6. The method of claim 5, wherein the determining the line spectrum frequency parameter of the current speech frame according to the line spectrum frequency parameter of the second subframe and the line spectrum frequency parameters of a preset number of speech frames adjacent to the current speech frame before the current speech frame comprises:

determining a first part of the line spectrum frequency parameter of the current voice frame according to the line spectrum frequency parameter of the second subframe and a preset parameter;

determining a preset number of voice frames adjacent to the current voice frame before the current voice frame as reference voice frames; wherein the preset number is at least two;

dividing each reference voice frame into a first reference subframe and a second reference subframe, and determining the difference value of the line spectrum frequency parameter of the first reference subframe and the line spectrum frequency parameter of the second reference subframe as a reference difference value;

calculating a weighted average value of at least two reference difference values, and determining a second part of a line spectrum frequency parameter of the current speech frame according to the weighted average value and a preset parameter;

and determining line spectrum frequency parameters of the current frame according to the first part and the second part.

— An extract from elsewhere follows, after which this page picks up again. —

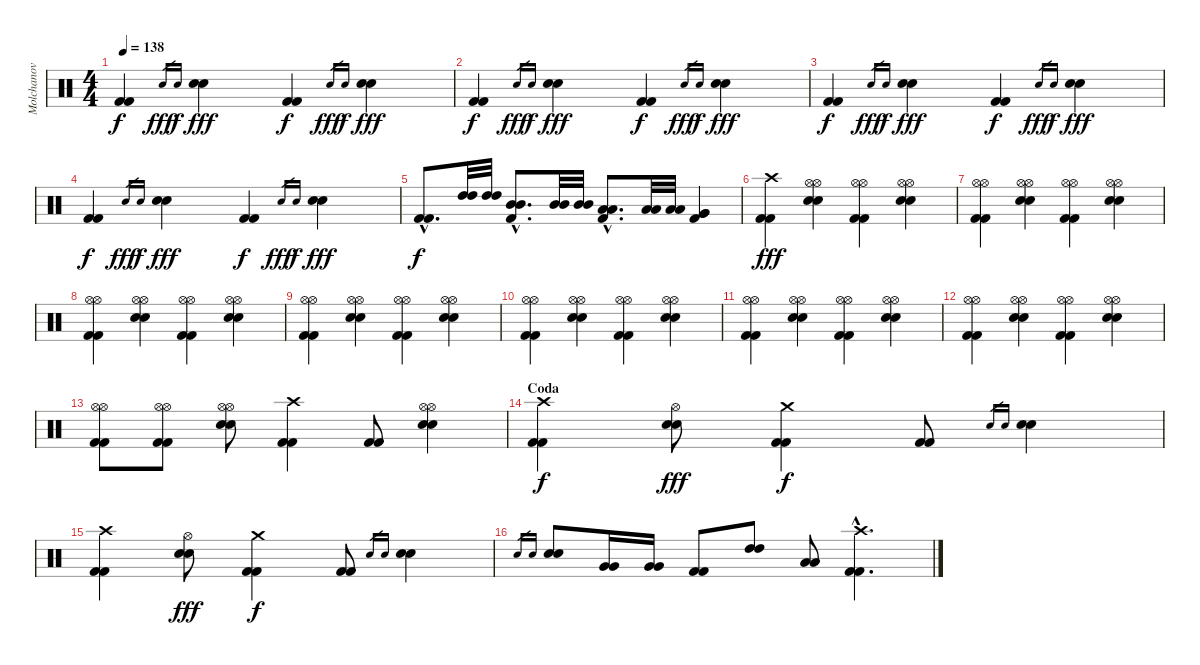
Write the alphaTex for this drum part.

7. The method of claim 5, wherein determining the pitch period of the current speech frame based on the pitch periods of the first and second subframes and the pitch period gains of the first and second subframes comprises:

calculating the product of the pitch period of the first subframe and the pitch period gain of the first subframe to obtain a first sub-period;

calculating the product of the pitch period of the second subframe and the pitch period gain of the second subframe to obtain a second sub-period;

and calculating the average value of the first sub-period and the second sub-period, and determining the average value as the pitch period of the current voice frame.

8. The method of claim 1, further comprising:

detecting a voice frame to be transmitted according to a voice activity detection method and a fundamental tone detection method;

and if the voice frame to be transmitted contains fundamental tones, determining excitation pulse parameters and coding parameters in a preset transmission time length adjacent to the transmission time of the voice frame to be transmitted as redundant information of the voice frame to be transmitted, and coding the voice frame to be transmitted and the redundant information.

9. A speech processing apparatus, comprising:

10. An electronic device, characterized in that the electronic device comprises:

one or more processors;

a storage device for storing one or more programs,

when executed by the one or more processors, cause the one or more processors to implement the voice transmission method of any of claims 1-8.